» ASSIGNED TASK: Below are some records. Return exactly the lines from the one with "Mark each object" to the one with "Horizontal field of view: 90.0 degrees.", and nothing else.

» DATA EXTRACTS:
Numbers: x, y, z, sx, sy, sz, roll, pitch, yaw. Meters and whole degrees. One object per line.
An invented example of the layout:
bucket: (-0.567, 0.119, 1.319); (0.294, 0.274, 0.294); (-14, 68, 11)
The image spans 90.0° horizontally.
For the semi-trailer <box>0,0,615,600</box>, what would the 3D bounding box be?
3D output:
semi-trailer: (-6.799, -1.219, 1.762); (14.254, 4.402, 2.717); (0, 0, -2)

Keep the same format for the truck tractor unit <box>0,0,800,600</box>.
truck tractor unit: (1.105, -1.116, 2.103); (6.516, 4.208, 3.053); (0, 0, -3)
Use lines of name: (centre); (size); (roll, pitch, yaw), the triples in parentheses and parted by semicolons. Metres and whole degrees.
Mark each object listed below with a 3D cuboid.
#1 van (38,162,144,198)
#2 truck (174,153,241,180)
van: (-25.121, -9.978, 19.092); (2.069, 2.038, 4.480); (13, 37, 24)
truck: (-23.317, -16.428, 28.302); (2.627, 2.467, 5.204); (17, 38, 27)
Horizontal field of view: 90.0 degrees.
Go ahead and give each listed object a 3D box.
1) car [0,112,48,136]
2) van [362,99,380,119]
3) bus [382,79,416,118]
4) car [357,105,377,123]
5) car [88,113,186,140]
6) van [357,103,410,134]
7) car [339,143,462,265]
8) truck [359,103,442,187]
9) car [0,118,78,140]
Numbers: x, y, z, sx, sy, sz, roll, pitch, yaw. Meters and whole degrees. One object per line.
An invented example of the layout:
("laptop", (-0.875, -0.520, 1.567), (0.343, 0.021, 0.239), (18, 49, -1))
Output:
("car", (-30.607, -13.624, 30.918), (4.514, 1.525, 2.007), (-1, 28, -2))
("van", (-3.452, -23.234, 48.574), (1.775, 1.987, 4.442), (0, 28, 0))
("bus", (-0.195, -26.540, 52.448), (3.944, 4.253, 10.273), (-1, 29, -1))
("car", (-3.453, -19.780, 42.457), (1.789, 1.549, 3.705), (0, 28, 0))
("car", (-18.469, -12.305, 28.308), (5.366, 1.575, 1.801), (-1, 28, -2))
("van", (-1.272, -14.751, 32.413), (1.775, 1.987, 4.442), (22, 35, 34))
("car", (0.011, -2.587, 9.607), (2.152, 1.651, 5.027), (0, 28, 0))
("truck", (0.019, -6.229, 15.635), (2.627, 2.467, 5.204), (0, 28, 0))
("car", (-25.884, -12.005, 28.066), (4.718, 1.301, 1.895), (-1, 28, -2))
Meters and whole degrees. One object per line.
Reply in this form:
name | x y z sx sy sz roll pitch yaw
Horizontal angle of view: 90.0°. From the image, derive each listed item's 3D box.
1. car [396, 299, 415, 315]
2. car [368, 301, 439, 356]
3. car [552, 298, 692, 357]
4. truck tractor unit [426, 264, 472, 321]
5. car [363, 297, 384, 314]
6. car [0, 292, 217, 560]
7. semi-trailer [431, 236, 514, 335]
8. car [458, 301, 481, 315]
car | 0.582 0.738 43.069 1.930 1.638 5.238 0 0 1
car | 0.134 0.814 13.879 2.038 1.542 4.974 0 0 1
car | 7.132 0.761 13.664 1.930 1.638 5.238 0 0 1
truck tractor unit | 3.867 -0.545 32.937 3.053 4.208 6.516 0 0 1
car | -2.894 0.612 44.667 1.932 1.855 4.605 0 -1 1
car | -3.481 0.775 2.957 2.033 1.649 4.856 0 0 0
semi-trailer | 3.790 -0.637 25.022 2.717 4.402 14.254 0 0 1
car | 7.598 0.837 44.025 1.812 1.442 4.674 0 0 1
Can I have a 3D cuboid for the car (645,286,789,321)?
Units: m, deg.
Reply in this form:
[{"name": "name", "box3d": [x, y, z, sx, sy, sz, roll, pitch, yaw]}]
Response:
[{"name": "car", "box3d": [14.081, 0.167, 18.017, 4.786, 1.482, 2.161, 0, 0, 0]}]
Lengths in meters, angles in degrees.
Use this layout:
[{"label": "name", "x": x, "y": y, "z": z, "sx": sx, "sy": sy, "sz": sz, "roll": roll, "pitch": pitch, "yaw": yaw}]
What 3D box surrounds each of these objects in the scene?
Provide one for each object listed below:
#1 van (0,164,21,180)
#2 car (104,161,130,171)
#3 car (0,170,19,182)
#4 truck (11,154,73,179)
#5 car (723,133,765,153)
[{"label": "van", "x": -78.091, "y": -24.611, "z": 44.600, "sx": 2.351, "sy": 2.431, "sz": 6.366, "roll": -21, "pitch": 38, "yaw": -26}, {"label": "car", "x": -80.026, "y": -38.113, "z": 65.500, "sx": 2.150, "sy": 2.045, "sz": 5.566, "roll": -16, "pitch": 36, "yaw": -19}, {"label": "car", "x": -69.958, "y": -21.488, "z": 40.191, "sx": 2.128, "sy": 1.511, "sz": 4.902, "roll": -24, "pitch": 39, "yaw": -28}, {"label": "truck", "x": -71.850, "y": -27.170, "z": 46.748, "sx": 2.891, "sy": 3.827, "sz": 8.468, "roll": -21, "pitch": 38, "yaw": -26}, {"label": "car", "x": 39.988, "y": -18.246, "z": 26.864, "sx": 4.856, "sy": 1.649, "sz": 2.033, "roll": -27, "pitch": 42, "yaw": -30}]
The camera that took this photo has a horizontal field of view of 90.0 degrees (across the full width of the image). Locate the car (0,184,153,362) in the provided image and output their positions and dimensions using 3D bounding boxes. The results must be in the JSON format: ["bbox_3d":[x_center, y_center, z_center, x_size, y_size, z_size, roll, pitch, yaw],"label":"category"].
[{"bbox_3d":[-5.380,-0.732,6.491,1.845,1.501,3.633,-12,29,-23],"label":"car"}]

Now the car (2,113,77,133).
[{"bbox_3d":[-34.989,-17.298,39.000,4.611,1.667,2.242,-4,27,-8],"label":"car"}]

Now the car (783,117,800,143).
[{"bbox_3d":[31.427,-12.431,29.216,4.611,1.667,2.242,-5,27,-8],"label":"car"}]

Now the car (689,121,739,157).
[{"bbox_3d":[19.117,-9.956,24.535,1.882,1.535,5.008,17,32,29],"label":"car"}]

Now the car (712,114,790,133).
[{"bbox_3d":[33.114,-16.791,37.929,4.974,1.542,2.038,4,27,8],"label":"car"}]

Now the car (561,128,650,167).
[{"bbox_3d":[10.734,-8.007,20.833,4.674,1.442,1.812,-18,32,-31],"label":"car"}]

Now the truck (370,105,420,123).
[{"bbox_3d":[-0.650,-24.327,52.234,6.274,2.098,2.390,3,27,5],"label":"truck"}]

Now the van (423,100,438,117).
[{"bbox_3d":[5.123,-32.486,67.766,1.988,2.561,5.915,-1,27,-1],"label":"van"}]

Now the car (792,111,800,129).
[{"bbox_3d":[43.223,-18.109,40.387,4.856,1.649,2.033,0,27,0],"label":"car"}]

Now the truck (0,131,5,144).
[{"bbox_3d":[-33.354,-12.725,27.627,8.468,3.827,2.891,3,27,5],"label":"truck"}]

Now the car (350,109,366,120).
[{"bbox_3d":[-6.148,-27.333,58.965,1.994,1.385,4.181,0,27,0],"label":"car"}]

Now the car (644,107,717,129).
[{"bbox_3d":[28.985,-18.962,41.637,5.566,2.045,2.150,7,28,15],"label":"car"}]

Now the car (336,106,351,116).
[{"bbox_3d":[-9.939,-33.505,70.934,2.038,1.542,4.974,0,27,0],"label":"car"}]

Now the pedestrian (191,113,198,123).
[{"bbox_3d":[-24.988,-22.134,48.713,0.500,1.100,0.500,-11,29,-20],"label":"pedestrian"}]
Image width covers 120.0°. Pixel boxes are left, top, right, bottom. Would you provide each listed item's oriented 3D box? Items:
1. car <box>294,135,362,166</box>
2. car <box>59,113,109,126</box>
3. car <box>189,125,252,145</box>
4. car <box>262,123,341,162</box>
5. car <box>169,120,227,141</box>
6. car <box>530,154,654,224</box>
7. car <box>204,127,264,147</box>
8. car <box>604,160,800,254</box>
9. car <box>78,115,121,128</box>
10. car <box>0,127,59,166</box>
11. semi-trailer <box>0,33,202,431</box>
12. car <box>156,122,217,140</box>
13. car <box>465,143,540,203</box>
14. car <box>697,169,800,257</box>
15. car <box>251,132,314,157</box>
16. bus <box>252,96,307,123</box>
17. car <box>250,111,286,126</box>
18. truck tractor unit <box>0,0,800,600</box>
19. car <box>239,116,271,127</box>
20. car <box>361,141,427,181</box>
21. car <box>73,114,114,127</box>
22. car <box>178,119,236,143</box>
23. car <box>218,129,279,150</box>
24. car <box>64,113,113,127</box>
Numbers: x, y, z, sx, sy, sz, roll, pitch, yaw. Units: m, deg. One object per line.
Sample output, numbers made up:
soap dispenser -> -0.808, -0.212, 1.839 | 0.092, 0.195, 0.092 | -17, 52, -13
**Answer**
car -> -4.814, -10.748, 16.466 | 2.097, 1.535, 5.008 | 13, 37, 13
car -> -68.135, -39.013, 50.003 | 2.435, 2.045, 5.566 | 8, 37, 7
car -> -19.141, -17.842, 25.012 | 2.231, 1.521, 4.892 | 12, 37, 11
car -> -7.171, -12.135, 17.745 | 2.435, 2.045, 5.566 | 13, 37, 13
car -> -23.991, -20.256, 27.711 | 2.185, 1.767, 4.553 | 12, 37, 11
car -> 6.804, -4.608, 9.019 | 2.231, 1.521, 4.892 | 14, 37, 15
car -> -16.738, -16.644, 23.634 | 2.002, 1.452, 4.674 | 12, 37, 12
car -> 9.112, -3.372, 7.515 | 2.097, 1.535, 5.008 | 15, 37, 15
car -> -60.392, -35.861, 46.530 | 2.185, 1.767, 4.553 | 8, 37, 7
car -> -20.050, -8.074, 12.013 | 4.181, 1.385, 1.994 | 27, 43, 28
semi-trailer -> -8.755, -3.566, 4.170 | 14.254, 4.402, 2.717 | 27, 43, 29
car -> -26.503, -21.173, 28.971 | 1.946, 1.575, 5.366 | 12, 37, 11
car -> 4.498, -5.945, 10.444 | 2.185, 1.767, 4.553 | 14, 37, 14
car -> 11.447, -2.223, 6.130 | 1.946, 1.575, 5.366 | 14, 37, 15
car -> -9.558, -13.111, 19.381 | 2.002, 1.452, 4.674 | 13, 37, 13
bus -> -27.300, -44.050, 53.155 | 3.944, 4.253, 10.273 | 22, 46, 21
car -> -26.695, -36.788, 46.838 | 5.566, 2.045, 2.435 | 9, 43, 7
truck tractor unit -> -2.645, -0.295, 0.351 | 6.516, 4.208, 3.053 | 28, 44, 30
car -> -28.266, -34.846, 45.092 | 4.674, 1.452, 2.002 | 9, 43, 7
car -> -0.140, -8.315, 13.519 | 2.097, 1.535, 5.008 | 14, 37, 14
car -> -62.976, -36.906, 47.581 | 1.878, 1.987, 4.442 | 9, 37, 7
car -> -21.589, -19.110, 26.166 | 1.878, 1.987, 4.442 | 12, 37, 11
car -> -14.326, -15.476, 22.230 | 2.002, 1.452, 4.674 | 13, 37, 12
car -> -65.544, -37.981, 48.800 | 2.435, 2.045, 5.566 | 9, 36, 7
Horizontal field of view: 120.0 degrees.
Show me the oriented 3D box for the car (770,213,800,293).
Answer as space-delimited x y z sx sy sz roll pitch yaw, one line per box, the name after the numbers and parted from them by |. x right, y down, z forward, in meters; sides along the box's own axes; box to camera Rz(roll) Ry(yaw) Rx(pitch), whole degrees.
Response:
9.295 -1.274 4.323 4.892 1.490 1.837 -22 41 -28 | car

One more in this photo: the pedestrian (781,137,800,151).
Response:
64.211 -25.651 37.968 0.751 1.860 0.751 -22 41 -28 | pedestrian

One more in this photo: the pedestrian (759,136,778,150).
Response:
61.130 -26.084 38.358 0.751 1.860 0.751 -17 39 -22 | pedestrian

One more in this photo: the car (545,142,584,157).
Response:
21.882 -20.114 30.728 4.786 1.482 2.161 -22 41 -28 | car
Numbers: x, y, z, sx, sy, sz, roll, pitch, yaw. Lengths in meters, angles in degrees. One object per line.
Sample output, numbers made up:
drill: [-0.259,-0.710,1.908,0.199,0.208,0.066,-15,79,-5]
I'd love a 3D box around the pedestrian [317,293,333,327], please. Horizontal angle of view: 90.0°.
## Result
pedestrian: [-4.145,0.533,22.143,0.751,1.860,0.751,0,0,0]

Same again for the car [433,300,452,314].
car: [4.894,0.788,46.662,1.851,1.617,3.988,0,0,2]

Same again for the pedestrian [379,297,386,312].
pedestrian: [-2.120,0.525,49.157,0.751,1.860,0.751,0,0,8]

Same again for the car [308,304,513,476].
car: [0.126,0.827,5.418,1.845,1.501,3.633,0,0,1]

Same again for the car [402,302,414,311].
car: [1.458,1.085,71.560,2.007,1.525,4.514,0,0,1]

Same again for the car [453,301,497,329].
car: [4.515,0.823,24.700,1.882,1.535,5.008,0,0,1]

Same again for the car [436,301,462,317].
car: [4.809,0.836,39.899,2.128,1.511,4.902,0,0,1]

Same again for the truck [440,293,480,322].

» ANSWER TO THE EXERCISE:
Mark each object listed below with a 3D cuboid.
#1 van (38,162,144,198)
#2 truck (174,153,241,180)
van: (-25.121, -9.978, 19.092); (2.069, 2.038, 4.480); (13, 37, 24)
truck: (-23.317, -16.428, 28.302); (2.627, 2.467, 5.204); (17, 38, 27)
Horizontal field of view: 90.0 degrees.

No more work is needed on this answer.